Deepwater Horizon Oil Spill Capped: Here’s the So What.
This week the Deepwater Horizon Response team successfully capped the leaking well with its team of Remote Operated Submarines. While it is still not certain that these caps will hold, or entirely end the disaster, it marked the first time since April 20th, that oil stopped leaking into the Gulf.
A look at the most recent Google Earth imagery, however, is still an eyesore.
After 87 days, and more than 90,000,000 gallons of oil spilled, this is certainly a cause for tempered celebration, as if we were a triple amputee, elated at the fact that we get to keep our final limb.
The Gulf is now four days free of additional leaking, yet the figure of 581 miles of oiled shoreline, is a guarantee to increase. Seven thousand vessels and 40,000 hands remain deployed on cleanup process, with years of work ahead.
As of July 12, BP spent an estimated 3.5 Billion on its cleanup processes. This is actually a meager figure, considering their average annual revenue exceeds 12 billion.
Imagery from the day before the end of the spill from MODIS/Skytruth shows a significantly lessened sheen on the surface from a month ago:

Surface reports, however, are a tempered method of assessing the damage. Much of the accessible oil on the surface was burned off in the largest “controlled burns” since the first Gulf War. The these burns have created elevated levels of Methane, Hexane, and other Neurotoxins in the air from New Orleans to Florida. An artist, quoted in the Christian Science Monitor, compares the smell to huffing oil paint.
What comes up, must come down, and now the Gulf States will have to content with exponentially larger quantities of sulfur dioxide in their rainfall, leading to a contamination of inland freshwater ecosystems.

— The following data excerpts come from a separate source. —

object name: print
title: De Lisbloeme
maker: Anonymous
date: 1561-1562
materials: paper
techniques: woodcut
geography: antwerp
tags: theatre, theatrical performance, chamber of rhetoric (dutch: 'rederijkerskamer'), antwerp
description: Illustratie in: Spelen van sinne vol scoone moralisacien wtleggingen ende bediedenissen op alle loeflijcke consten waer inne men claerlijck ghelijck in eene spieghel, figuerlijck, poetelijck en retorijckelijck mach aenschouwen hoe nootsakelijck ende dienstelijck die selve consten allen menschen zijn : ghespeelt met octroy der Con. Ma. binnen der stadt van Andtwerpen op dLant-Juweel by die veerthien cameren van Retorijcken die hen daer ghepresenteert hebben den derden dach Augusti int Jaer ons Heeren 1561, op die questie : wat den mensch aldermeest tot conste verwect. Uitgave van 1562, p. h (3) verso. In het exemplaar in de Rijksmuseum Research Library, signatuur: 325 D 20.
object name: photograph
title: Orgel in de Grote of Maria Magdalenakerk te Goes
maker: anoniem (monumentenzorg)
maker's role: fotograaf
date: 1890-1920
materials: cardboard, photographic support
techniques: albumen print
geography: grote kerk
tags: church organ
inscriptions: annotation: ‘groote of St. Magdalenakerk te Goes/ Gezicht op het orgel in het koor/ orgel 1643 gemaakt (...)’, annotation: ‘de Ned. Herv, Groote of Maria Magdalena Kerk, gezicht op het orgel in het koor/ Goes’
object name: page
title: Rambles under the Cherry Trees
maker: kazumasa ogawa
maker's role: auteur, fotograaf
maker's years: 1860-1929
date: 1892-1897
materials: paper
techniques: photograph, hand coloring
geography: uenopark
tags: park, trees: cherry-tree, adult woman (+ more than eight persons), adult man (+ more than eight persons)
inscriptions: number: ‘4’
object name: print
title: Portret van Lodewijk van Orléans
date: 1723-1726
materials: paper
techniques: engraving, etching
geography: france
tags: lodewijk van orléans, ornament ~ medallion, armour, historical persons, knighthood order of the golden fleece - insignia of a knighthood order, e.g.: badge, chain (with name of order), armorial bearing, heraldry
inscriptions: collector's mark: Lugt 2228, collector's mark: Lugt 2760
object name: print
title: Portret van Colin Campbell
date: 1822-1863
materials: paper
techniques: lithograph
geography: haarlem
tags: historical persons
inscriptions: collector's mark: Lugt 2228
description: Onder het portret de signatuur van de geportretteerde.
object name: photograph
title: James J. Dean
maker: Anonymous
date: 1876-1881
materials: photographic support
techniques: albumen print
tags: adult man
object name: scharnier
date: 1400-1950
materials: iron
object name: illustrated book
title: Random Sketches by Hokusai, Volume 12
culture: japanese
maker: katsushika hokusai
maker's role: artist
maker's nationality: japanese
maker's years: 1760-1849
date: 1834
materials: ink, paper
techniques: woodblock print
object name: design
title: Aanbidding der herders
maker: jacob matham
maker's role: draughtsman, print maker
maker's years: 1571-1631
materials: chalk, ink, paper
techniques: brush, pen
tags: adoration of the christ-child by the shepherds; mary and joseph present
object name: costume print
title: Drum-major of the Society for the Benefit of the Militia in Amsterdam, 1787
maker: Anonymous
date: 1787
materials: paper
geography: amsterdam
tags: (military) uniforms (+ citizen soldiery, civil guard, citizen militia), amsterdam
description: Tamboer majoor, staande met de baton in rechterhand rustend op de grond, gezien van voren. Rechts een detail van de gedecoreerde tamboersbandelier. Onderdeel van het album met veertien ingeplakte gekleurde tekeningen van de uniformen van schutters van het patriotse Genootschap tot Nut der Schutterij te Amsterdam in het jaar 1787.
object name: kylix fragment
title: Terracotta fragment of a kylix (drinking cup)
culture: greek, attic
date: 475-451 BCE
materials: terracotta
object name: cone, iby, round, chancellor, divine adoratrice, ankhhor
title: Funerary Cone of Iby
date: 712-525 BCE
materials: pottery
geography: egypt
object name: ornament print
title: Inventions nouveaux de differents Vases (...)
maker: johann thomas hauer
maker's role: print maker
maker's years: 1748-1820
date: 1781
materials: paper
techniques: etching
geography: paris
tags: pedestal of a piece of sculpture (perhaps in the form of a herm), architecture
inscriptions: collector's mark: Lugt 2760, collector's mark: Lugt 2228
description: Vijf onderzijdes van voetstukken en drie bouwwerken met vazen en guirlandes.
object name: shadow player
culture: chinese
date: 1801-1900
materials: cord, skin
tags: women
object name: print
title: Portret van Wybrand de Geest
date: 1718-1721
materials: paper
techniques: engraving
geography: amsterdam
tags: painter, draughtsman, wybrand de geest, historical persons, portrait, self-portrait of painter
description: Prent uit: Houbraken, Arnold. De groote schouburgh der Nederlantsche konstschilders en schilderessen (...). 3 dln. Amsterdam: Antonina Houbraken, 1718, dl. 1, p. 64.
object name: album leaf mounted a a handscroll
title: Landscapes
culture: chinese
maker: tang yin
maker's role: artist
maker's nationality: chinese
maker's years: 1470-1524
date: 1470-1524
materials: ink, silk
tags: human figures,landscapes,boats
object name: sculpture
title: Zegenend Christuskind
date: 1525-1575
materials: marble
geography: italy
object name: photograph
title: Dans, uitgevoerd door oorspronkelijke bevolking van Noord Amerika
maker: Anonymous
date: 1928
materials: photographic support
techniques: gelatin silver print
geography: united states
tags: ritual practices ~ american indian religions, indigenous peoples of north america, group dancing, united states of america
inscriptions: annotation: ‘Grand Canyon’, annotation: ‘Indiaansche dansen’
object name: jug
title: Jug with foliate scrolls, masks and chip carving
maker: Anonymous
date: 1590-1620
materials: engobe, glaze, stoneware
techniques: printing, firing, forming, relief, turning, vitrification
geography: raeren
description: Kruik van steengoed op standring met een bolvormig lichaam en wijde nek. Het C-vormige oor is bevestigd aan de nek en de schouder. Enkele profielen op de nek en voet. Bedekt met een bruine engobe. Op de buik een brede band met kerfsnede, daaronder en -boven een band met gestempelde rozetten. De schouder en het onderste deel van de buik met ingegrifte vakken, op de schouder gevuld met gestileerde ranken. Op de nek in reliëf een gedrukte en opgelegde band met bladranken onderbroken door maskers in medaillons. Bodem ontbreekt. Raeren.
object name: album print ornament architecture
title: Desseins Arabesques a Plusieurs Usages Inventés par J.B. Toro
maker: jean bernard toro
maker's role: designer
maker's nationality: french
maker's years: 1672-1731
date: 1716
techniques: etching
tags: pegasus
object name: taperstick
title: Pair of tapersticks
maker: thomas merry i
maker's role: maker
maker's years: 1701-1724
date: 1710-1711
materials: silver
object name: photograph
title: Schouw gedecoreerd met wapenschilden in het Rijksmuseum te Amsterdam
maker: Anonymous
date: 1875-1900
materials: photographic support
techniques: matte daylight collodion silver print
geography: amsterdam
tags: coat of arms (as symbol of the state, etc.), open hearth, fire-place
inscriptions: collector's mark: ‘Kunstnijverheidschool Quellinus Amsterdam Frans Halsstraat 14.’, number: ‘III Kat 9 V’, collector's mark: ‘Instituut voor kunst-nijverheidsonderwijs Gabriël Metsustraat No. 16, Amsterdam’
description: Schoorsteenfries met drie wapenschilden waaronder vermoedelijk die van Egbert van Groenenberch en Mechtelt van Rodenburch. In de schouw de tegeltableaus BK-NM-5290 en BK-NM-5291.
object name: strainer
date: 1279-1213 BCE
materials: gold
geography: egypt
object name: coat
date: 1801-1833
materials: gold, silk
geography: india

The sheen is at its most megalithic below the surface, with slicks the size of small states. While the surface is certainly clearer, the effects are starting to make themselves known up the Atlantic Coast.
As we reported earlier on GeoCurrents, the Sheen had entered the North Atlantic Loop Current, and this has been corroborated with reports of oil washing ashorein near Jacksonville and St. Augustine, on Florida’s Atlantic Coast.
The video below represents and academic projection of the oil’s progress from the loop current, through the Atlantic coast.
While this continues, our elected representatives will continue squabbling, pretending to act in our best interests while their proposed ban on drilling is related only to worker fatalities, without sufficient environmental safeguards.
The congressional attack on BP for their supposed under the table dealings to free the Libyan Lockerbie bomber is but another attempt to divert attention and culpability through the fearmongering veil of terrorism. After all, if Cheney had not been looking tosave his billionaire cronies a few meager thousands by reigning back safety standards, the disaster may have been prevented altogether.
However, America is now in an era of de-facto legalized bribery through its lobbying machinery, leading to “Pervasive Corruption and a Poverty Trap.” Look for our elected representatives to follow all the red herrings in its investigation of its patrons.
Unfortunately we don’t have one of Dashiell Hammet’s Continental Operatives, with an oiled gull as his client, to go Blood Simple on those behind this once in a generation disaster, and those preventing proper regulation.
The hones falls on us to do what we can, to support forward thinking organizations and representatives. The gulf ecosystems have been irreversibly damaged, and organizations such as the International Bird Rescue, the National Wildlife Rescue, and A Matter of Trust are in need of financial support at this time to continue their efforts for years to come.
An ideological shift, however, is an even more important development that must result from the disaster. A new crop of muckrakers, reformists, and activists must spring forth to remove this country from the belly of its dying machinery.
After 87 days and 90,000,000 Gallons, the status quo has remains. The cap on the well may stop the flow, but the social and political ills are still gushing torrents.